Biden Proclaims César Chávez Day to Honor the Labor Activist | Sojourners

Biden Proclaims César Chávez Day to Honor the Labor Activist

A child looks at a photograph of César Chávez. Photo: lunita lu / CC BY-NC 2.0

In a White House proclamation, President Joe Biden declared March 31, 2021 as César Chávez Day. Biden called upon “all Americans to observe this day as a day of service and learning, with appropriate service, community, and education programs to honor César Chávez’s enduring legacy.”

Chávez, who was born March 31, 1927 and died in 1993, was a Mexican American activist who organized for farmworkers’ rights. Along with Dolores Huerta, he co-founded the National Farm Workers Association, which later became the United Farm Workers labor union. Chávez’s worldview espoused Catholic social teaching: Chávez ended his 25-day hunger strike in 1968 by receiving the Eucharist, sitting next to Sen. Robert F. Kennedy.

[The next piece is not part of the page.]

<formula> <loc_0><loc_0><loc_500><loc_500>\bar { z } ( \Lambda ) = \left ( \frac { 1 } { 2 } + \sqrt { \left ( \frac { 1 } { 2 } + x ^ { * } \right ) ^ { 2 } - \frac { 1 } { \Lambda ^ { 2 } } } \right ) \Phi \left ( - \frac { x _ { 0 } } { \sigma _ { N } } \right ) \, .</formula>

Now, Biden prominently features a bust of Chávez in the Oval Office.

“To Chávez, ‘La Causa’ meant elevating our common humanity to the center of an agenda for progress. And that elevation meant organizing for safe and healthy workplaces, a living wage, protections against sickness and disability, time with family, and so much else that we continue to prize and fight for today,” Biden wrote in the proclamation. “I was proud to place a bust of César Chávez in the Oval Office, so that no one who enters that historic room may forget the powerful truths his farm worker hands imparted.”

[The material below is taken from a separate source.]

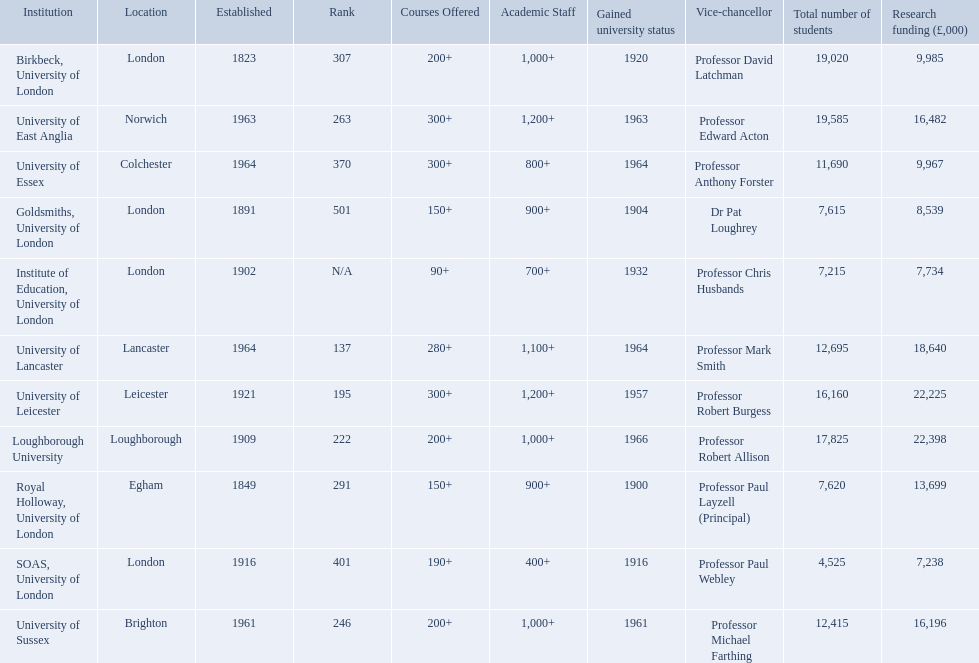What are the names of all the institutions? Birkbeck, University of London, University of East Anglia, University of Essex, Goldsmiths, University of London, Institute of Education, University of London, University of Lancaster, University of Leicester, Loughborough University, Royal Holloway, University of London, SOAS, University of London, University of Sussex. In what range of years were these institutions established? 1823, 1963, 1964, 1891, 1902, 1964, 1921, 1909, 1849, 1916, 1961. In what range of years did these institutions gain university status? 1920, 1963, 1964, 1904, 1932, 1964, 1957, 1966, 1900, 1916, 1961. What institution most recently gained university status? Loughborough University.

To celebrate the occasion, First Lady Jill Biden traveled to the historic “Forty Acres” property outside Delano, Calif., where the union began. The Delano property is now a COVID-19 vaccine site for thousands of farm workers through a partnership between the Cesar Chávez Foundation (which owns and manages the Forty Acres), UFW and the UFW Foundation, Kern County Latino COVID-19 Task Force, Kern County, and Kern Medical Center.

According to Paul F. Chávez, president of the César Chávez Foundation and César’s son, “Forty Acres is sacred ground.”

“It was the first permanent home for our movement and where my father fasted for 25 days in 1968, calling on all of us to dedicate ourselves to serving others,” Chávez said in a news release. “So what better way to keep my dad’s legacy alive today than by vaccinating farm workers here at the Forty Acres? What more fitting way for Dr. Biden to honor him than by taking part in helping protect farm workers who have suffered so disproportionately from COVID-19?”

Teresa Romero, president of UFW, agreed.

“It’s also heartening when people in positions of power take the time to meet with and understand farm workers and the barriers they face,” Romero said. “Most urgent for them now is immigration justice and the path forward with the Farm Workforce Modernization Act.”

But Chávez’s own legacy on immigration is complicated; while he marched, organized, and lobbied for dignity for farmworkers, he also used racist, anti-immigrant rhetoric. Chávez referred to illegal immigrants as “ wetbacks,” and, in 1974, he urged Dolores Huerta to “go after them.”

After Biden's announcment, Gustavo Arellano, a Los Angeles Times columnist who has written about Chávez, tweeted, “Cesar Chavez is a hero, but let’s take stock of his sins as well.”

In his 2019 article “César Chávez and Egalitarian Ethics: Lessons from a Contradictory Legacy,” Jeremy Cruz detailed Chávez’s legacy, which “provides us with egalitarian ideas and examples of effective egalitarian action; he also provides us with an important lesson in the dangers of unaccountable leadership.”

“For years, Chávez’s leadership was honored and fortified on the basis of actions and achievements that were well behind him and that did not correspond to his present actions and the effects that they were having on colleagues, union members, and not-yet-unionized farm workers,” Cruz wrote.

Miriam Pawel, who reported in 2006 that the UFW was far removed from the union Chávez and others had established, also wrote a 2014 biography, The Crusades of Cesar Chavez. In it, she asked a former Arizona UFW leader who had parted ways with Chávez long ago if he still thought of Chávez as a great man.

“Palms up, he held his right hand above his head and lowered his left near the floor,” Pawel wrote. “On balance, he said, the good outweighed the bad. It was not even close.”